We can use Property II to eliminate C, D and C+D from the ith rows of A^\prime, A^{\prime\prime} and A, respectively, without changing the determinants of those matrices. Let A^0 denote the matrix obtained by replacing the ith row of A with B. Then by Property II and Axiom 1

\det A=(k+l)\det A^0, \det A^\prime=k\det A^0, \det A^{\prime\prime}=l\det A^0,

which proves the statement.

Combining homogeneity and additivity, we get the following important property that some people use as a definition:

Property V. Multilinearity. The determinant of A is a multilinear function of its rows, that is, for each i, it is linear in row A_i, when the other rows are fixed.

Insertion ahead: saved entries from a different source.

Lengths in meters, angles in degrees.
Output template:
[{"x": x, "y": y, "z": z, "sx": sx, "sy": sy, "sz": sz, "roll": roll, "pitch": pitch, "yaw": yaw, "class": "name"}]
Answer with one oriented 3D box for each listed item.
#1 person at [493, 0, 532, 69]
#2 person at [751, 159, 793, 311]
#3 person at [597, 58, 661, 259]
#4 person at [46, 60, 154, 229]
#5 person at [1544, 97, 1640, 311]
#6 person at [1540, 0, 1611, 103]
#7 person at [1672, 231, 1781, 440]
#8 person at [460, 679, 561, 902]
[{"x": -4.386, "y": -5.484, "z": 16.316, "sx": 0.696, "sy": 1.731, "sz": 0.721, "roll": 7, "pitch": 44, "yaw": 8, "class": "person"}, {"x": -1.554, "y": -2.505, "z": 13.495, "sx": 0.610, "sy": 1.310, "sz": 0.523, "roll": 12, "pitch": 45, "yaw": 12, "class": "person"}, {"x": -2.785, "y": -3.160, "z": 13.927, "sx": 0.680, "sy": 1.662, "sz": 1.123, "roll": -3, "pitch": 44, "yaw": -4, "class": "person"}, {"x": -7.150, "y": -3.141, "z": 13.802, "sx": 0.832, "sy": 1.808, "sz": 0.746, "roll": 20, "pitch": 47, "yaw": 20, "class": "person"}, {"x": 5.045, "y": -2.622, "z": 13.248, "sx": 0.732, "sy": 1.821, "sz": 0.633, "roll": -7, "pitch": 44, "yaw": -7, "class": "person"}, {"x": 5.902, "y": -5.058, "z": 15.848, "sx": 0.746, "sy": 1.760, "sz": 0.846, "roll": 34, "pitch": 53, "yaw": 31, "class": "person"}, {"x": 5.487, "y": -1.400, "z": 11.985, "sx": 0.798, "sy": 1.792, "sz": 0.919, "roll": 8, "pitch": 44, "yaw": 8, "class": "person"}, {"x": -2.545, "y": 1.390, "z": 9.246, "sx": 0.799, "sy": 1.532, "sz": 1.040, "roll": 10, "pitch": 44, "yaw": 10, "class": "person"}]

Property VI. Antisymmetry. If the matrix A^0 is obtained from A by changing places of two rows, then \det A^0=-\det A.

Proof. Let

A=\left(\begin{array}{c}...\\A_i\\...\\A_j\\...\end{array}\right), A^0=\left(\begin{array}{c}...\\A_j\\...\\A_i\\...\end{array}\right)

(all other rows of these matrices are the same). Consider the next sequence of transformations:

\left(\begin{array}{c}...\\A_i\\...\\A_j\\...\end{array}\right)\rightarrow\left(\begin{array}{c}...\\A_i+A_j\\...\\A_j\\...\end{array}\right)\rightarrow\left(\begin{array}{c}...\\A_i+A_j\\...\\A_j-(A_i+A_j)\\...\end{array}\right)=\left(\begin{array}{c}...\\A_i+A_j\\...\\-A_i\\...\end{array}\right)\rightarrow\left(\begin{array}{c}...\\A_i+A_j+(-A_i)\\...\\-A_i\\...\end{array}\right)=\left(\begin{array}{c}...\\A_j\\...\\-A_i\\...\end{array}\right).

By Property II, each of these transformations preserves \det A. Recalling homogeneity, we finish the proof.